Exercise goal:
Go to the line that contains "Image width covers 39.6°.". Restate that line and each one after it exactly, through the end of the records, without pictures.

Data extracts:

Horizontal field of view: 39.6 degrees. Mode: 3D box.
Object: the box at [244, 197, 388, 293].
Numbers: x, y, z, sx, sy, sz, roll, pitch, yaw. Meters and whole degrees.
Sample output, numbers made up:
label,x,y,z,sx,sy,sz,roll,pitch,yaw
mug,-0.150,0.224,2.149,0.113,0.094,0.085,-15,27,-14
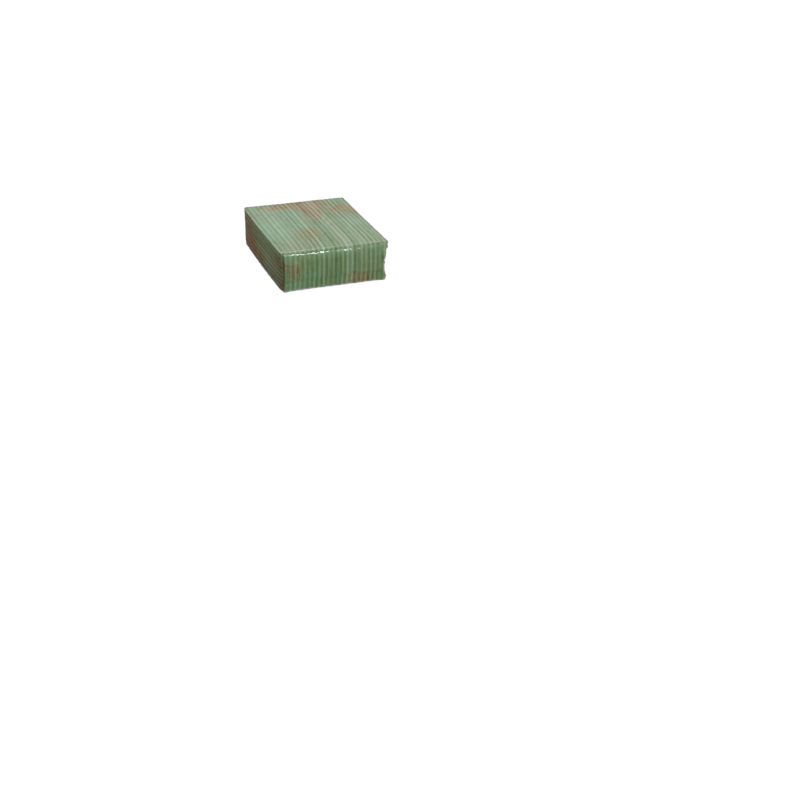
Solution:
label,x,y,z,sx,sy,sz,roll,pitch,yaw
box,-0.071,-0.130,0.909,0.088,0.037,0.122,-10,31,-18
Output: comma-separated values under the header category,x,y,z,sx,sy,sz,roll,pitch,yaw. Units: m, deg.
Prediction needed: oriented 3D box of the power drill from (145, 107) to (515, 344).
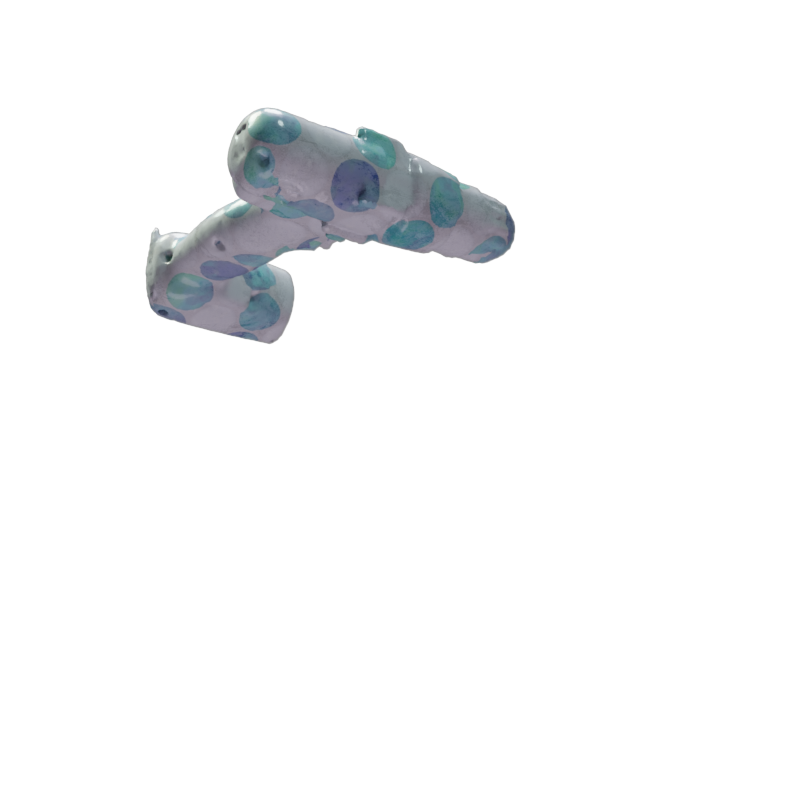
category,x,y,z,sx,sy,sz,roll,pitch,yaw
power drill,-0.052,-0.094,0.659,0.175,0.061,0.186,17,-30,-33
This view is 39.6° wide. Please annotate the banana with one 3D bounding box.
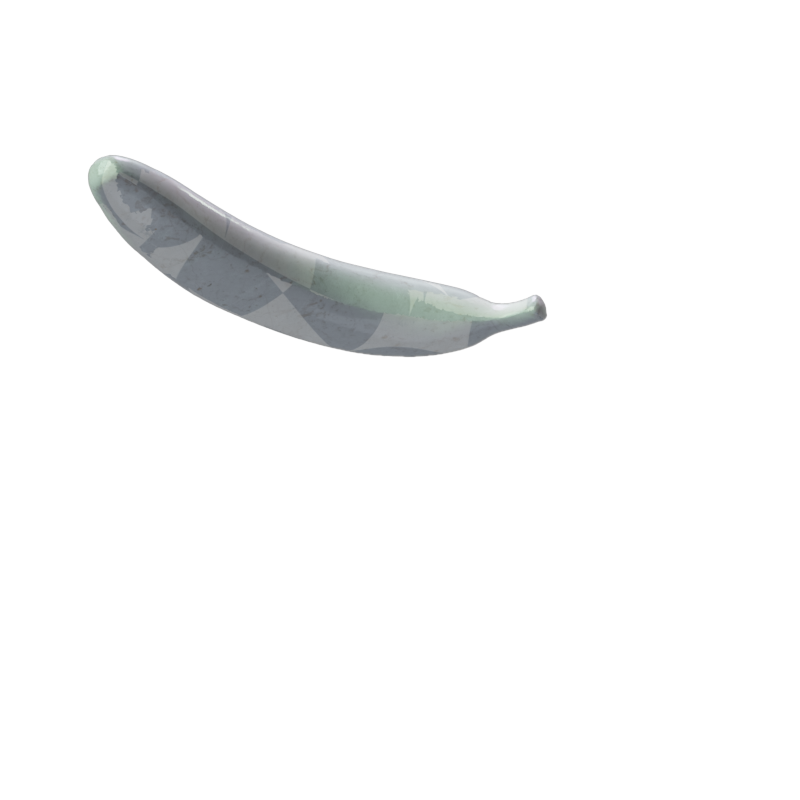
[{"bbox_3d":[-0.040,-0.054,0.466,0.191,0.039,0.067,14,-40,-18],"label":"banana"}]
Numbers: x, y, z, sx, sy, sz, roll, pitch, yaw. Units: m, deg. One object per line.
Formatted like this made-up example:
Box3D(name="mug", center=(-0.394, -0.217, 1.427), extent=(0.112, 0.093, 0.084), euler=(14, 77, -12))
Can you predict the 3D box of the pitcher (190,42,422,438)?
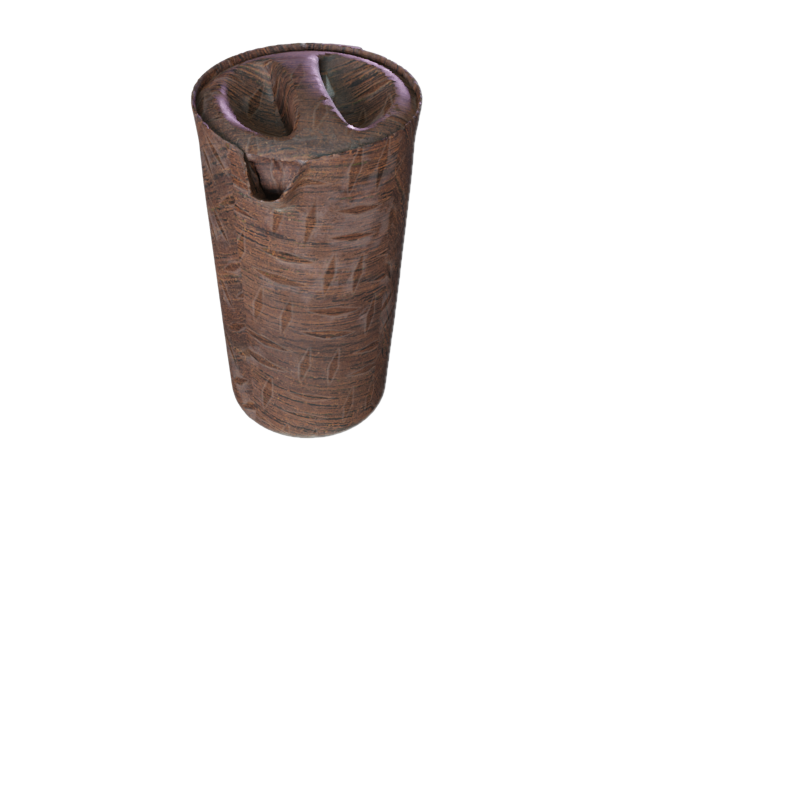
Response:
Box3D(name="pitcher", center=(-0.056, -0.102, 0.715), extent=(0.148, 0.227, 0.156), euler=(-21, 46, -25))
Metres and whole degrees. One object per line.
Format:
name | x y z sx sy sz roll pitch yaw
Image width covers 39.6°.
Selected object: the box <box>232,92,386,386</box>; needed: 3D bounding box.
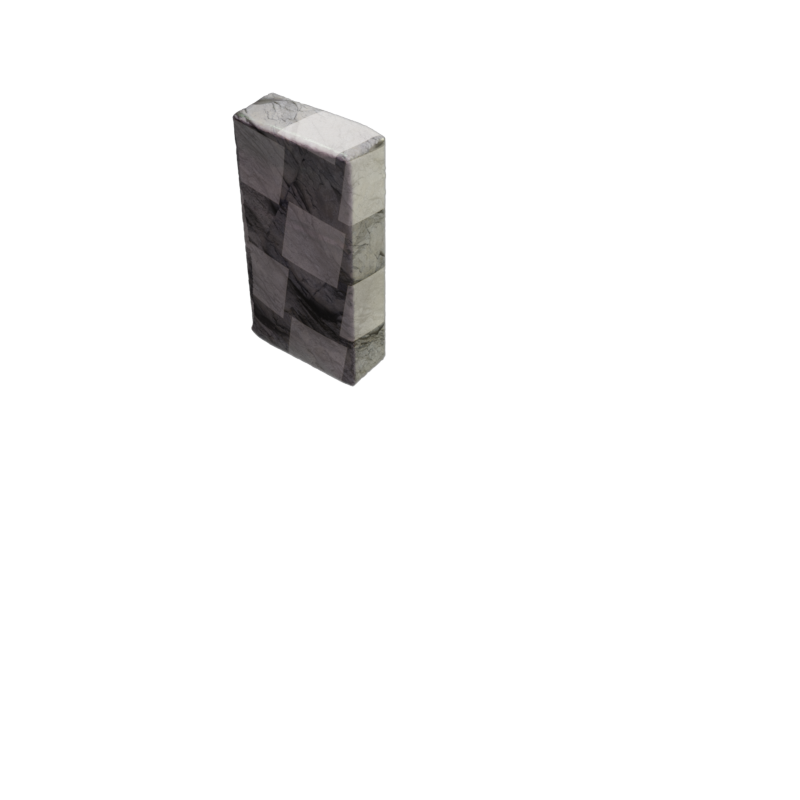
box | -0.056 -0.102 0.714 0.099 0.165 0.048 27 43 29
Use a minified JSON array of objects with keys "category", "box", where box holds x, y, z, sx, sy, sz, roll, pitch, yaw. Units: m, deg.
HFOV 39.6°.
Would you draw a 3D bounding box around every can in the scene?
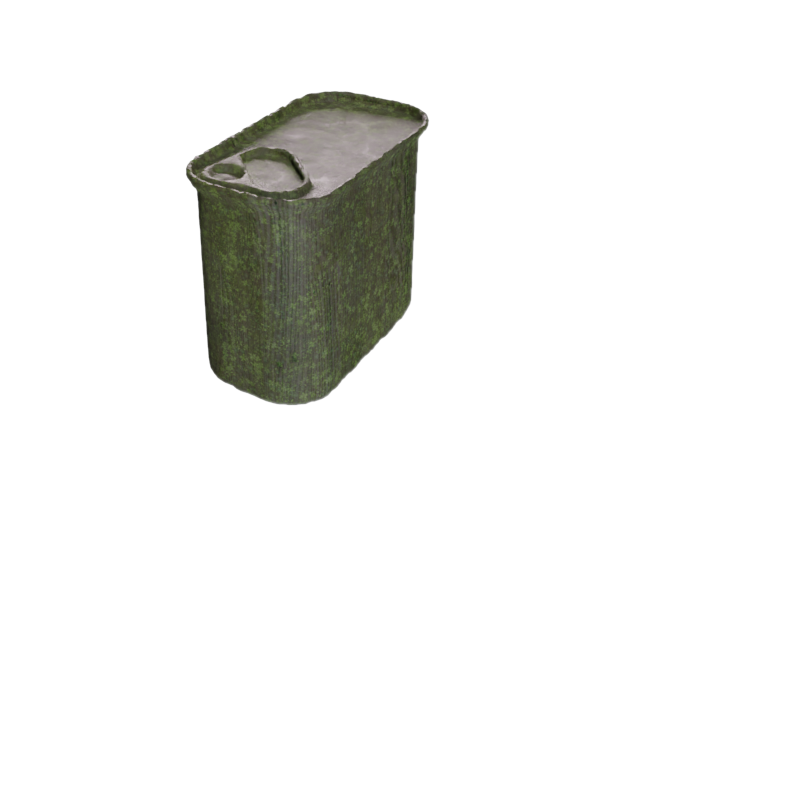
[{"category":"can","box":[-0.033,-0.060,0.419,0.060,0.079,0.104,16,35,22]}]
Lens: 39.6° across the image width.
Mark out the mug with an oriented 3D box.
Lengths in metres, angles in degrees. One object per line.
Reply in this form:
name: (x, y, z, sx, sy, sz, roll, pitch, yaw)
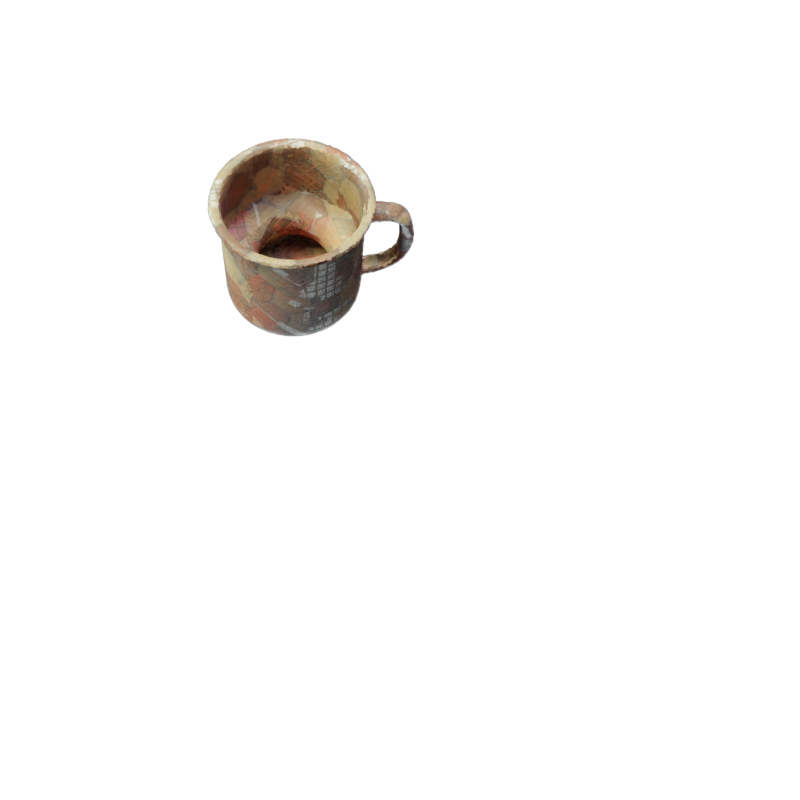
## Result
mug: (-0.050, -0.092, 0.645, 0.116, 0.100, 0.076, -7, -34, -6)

Your solution:
Image width covers 39.6°.
Selected object: the box <box>232,92,386,386</box>; needed: 3D bounding box.
box | -0.056 -0.102 0.714 0.099 0.165 0.048 27 43 29
Use a minified JSON array of objects with keys "category", "box", where box holds x, y, z, sx, sy, sz, roll, pitch, yaw. Units: m, deg.
HFOV 39.6°.
Would you draw a 3D bounding box around every can in the scene?
[{"category":"can","box":[-0.033,-0.060,0.419,0.060,0.079,0.104,16,35,22]}]
Lens: 39.6° across the image width.
Mark out the mug with an oriented 3D box.
Lengths in metres, angles in degrees. One object per line.
Reply in this form:
name: (x, y, z, sx, sy, sz, roll, pitch, yaw)
## Result
mug: (-0.050, -0.092, 0.645, 0.116, 0.100, 0.076, -7, -34, -6)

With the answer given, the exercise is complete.